Prof. Franz Mayer holds the Chair in Public Law, European Law, Public International Law, Comparative Law and Law and Politics at the University of Bielefeld (Law Faculty). He studied Law, Political Science and History at the Universities of Bonn and Munich, at the Institut d’Etudes Politiques de Paris (Sciences-Po) and at Yale Law School. Visiting researcher Harvard Law School 2000; annual Visiting lecturer University of Warsaw since 2000; Visiting professor at Paris 1 (Panthéon-Sorbonne) 2007 and at Paris 2 (Panthéon-Assas) 2010; General Course Academy of European Law, European University Institute, Florence, 2011; Senior Emile Noël Fellow, NYU School of Law 2011; Visiting professor of Law at Columbia Law School Winter term 2012/2013; Short Term International Visiting Professor of Law at Columbia Law School Fall term 2024 (non-resident).
Professor Mayer was Counsel in proceedings at the German Constitutional Court to the German Parliament in the Treaty of Lisbon-trial in 2008-2009 and in the first case related to the Euro-crisis, the case on the Euro stabilization mechanism 2010-2012, his most recent case for the German Parliament was the Next Generation EU-case on the €800 billion temporary recovery instrument (2021-2022). He was Counsel at the German Constitutional Court to the German government in the CETA case (2016-2022) and in the case on the Unified European Patent Court (2017-2020). His most recent case for the German government concerns the constitutionality of the new EP election law (2023-2024). In 2023, he was part of a Franco-German Group of 12 experts invited by the German and the French minister for Europe to write a report on institutional reform of the EU.
His teaching and research interests focus on European constitutional and administrative law, on comparative law, on the relationship between European law and politics, on parliaments in times of globalization, on internet law, sports law (European soccer law) and more generally on international law and public law. Since 2016, he has been a member of the German Football Association’s Federal Court (DFB Bundesgericht), ethics chamber. He has dual French and German citizenship and lives in Berlin with his family.
Professor Russell Miller joined the Washington and Lee law faculty in 2008. His teaching and scholarly research focuses on public law subjects (Constitutional Law, Administrative Law, International Law), Comparative Law Theory and Methods, and German Law and Legal Culture. Previously, he taught at the University of Idaho College of Law. He often has been a guest professor in Germany. Alongside his work at the School of Law, Professor Miller has a joint-appointment as Lecturer in Literature in Washington and Lee University’s undergraduate College. In that position he works extensively with colleagues and students in W&L’s German and Russian Department. Professor Miller, a recognized expert in German Law and Legal Culture, is the author/editor of a number of books in the fields of comparative law and international law.
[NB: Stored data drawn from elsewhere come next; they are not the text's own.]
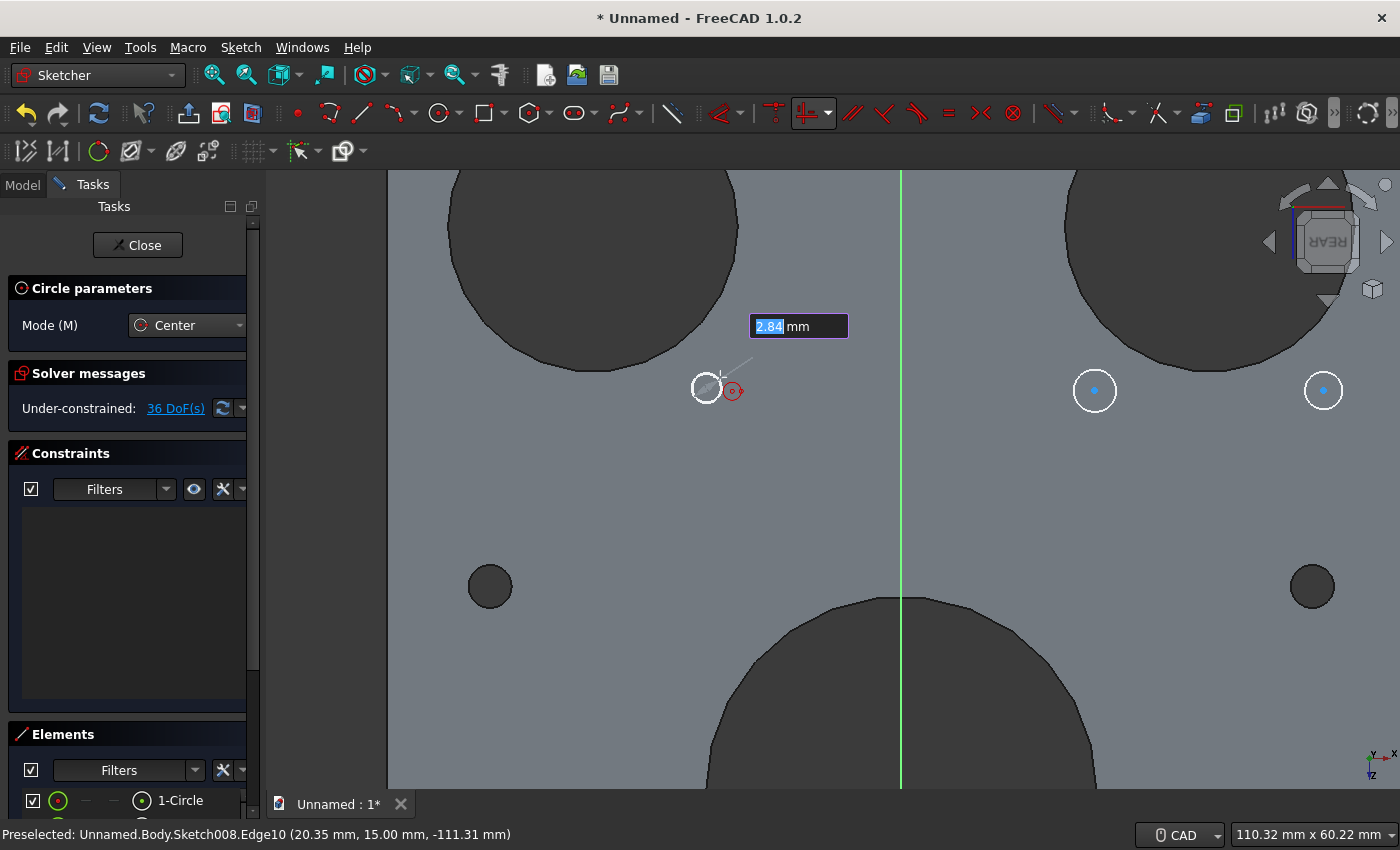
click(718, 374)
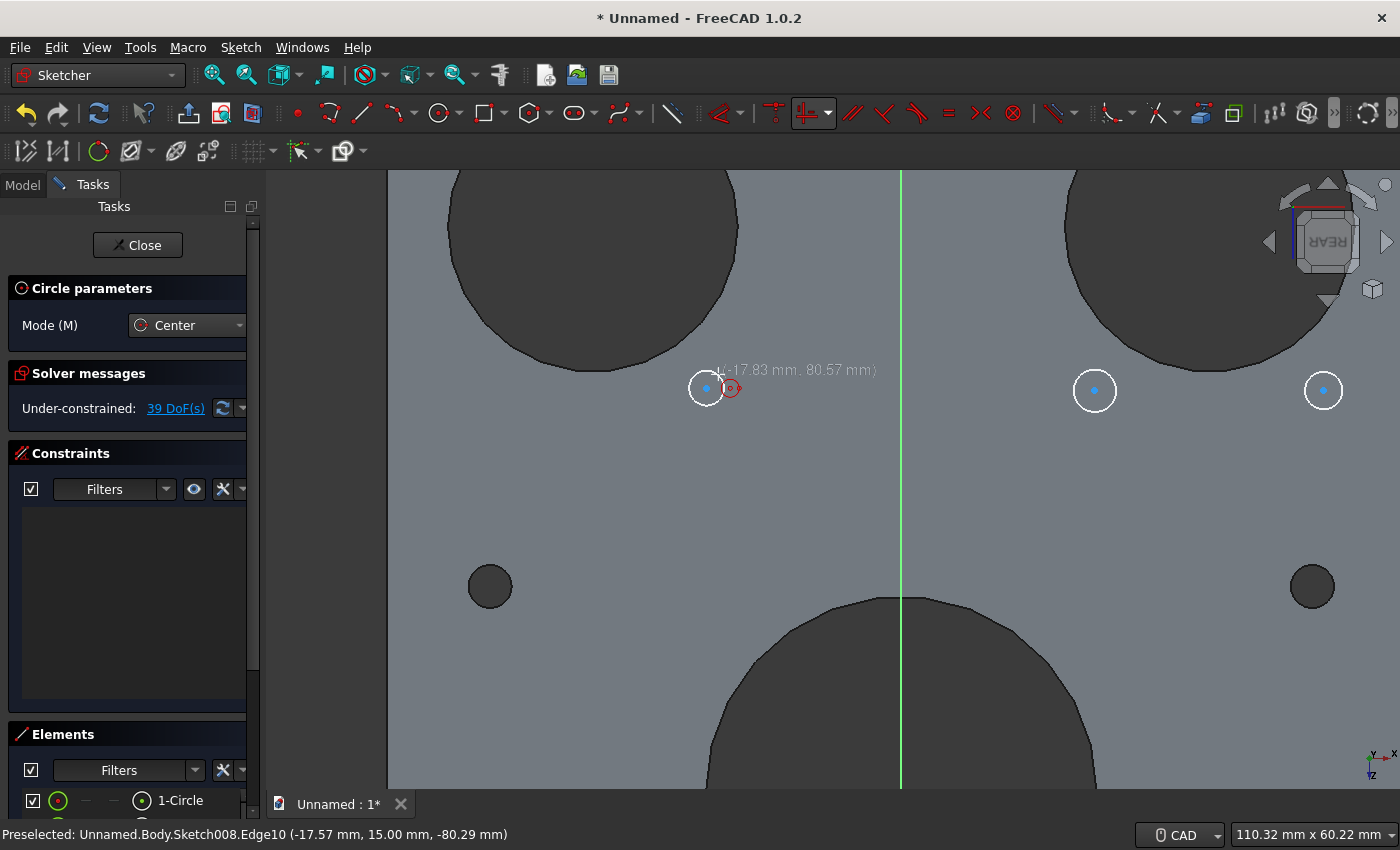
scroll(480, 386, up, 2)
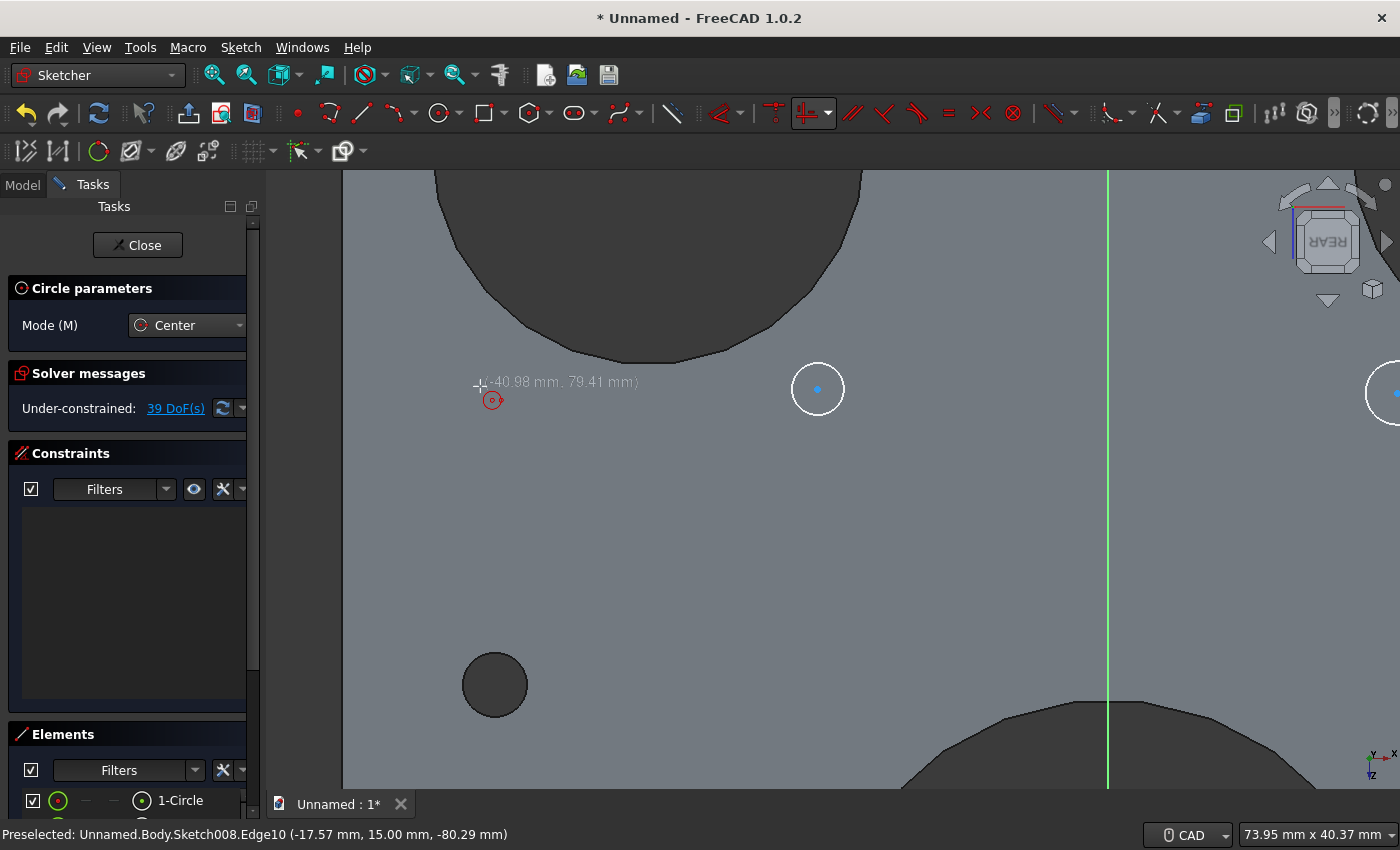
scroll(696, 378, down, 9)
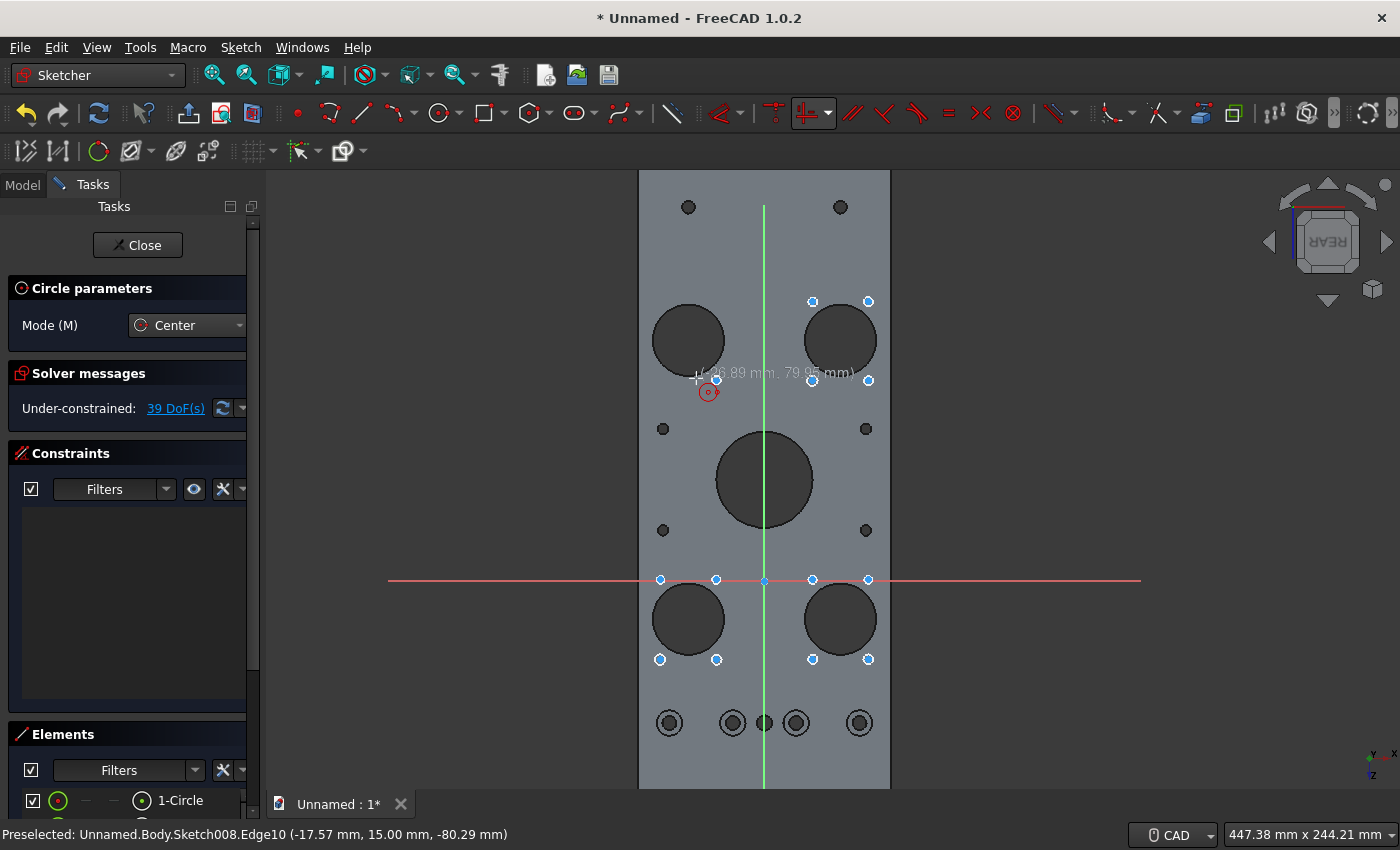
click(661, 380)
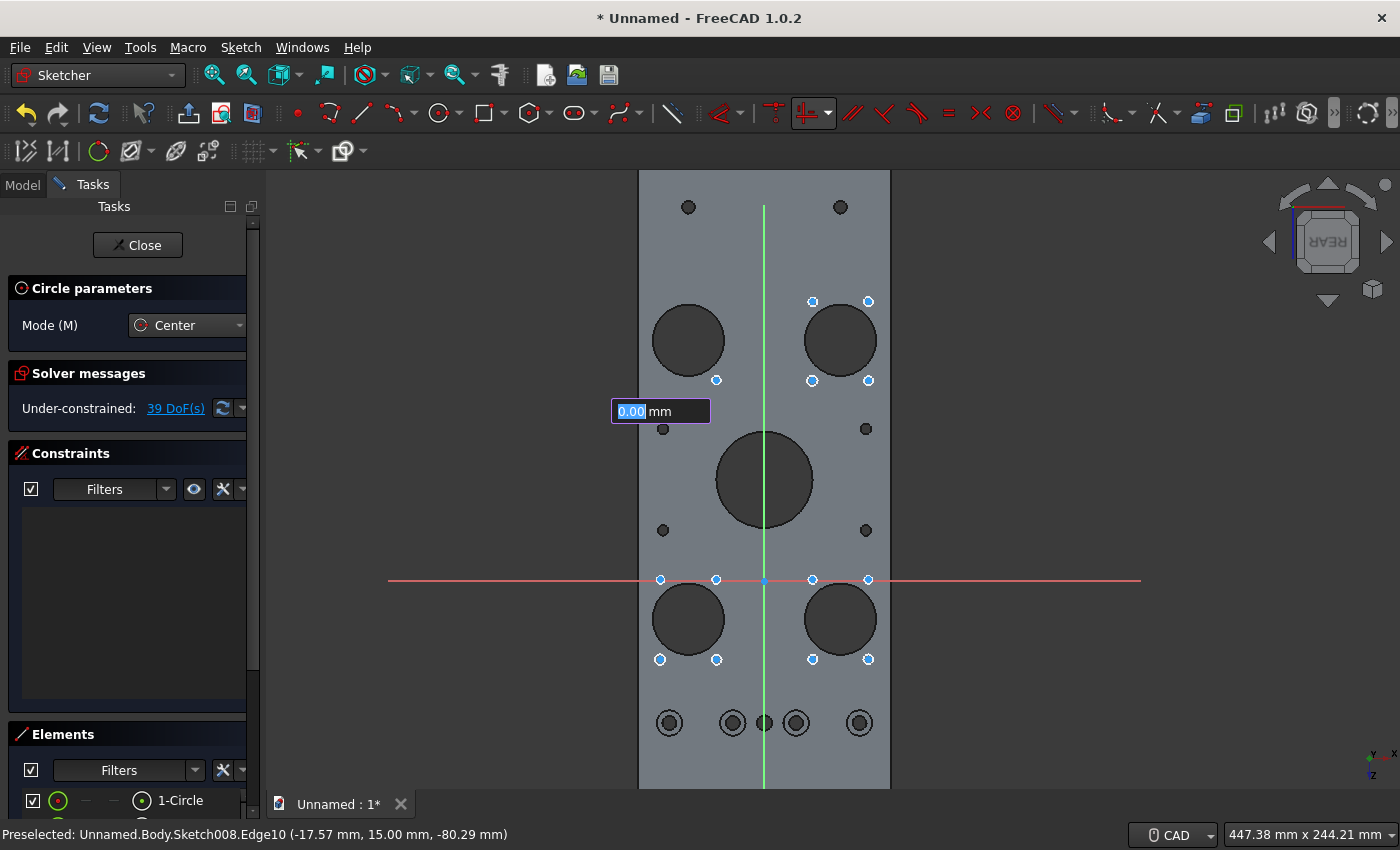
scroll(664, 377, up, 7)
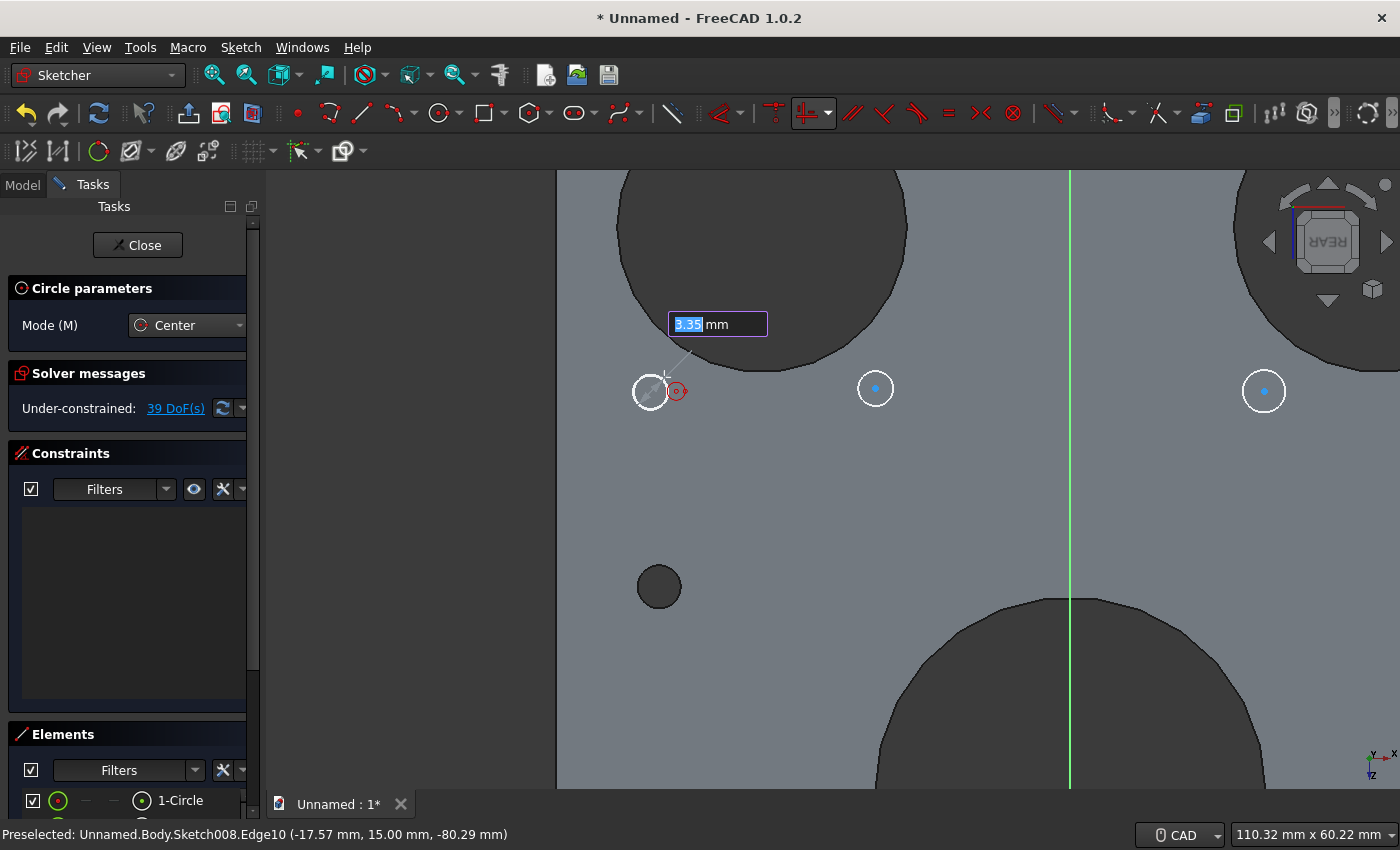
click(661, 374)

Professor Miller is the co-founder and Co-Editor in Chief of the German Law Journal, an on-line, English-language journal reporting on developments in German, European and International jurisprudence. Now in its second decade, the German Law Journal is one of the most successful and innovative fora for legal scholarship from a transnational perspective.
Professor Miller has been recognized for his work on German law and transatlantic affairs. In 2013, Professor Miller was named a KoRSE Fellow at the University of Freiburg. Professor Miller was a 2009/2010 Fulbright Senior Research Fellow in residence at the Max Planck Institute for Comparative Public Law and Public International Law in Heidelberg, Germany. In 1999/2000, Professor Miller was a Robert Bosch Foundation Fellow and, during that program, he participated in internship and clerkship experiences at the German Federal Constitutional Court and the European Court of Human Rights. In appreciation for his work on behalf of the Bosch Fellowship and German-American relations, Professor Miller was recognized as the Bosch Alumni of the Year in 2012.
Professor Miller served as a judicial law clerk to the Honorable Robert H. Whaley of the United States District Court for the Eastern District of Washington. For four years prior to becoming a professor, Miller served as appellate and post-conviction counsel for indigent, death-sentenced inmates in the state and federal courts of Arizona and Tennessee. Professor Miller is admitted to the Arizona State Bar.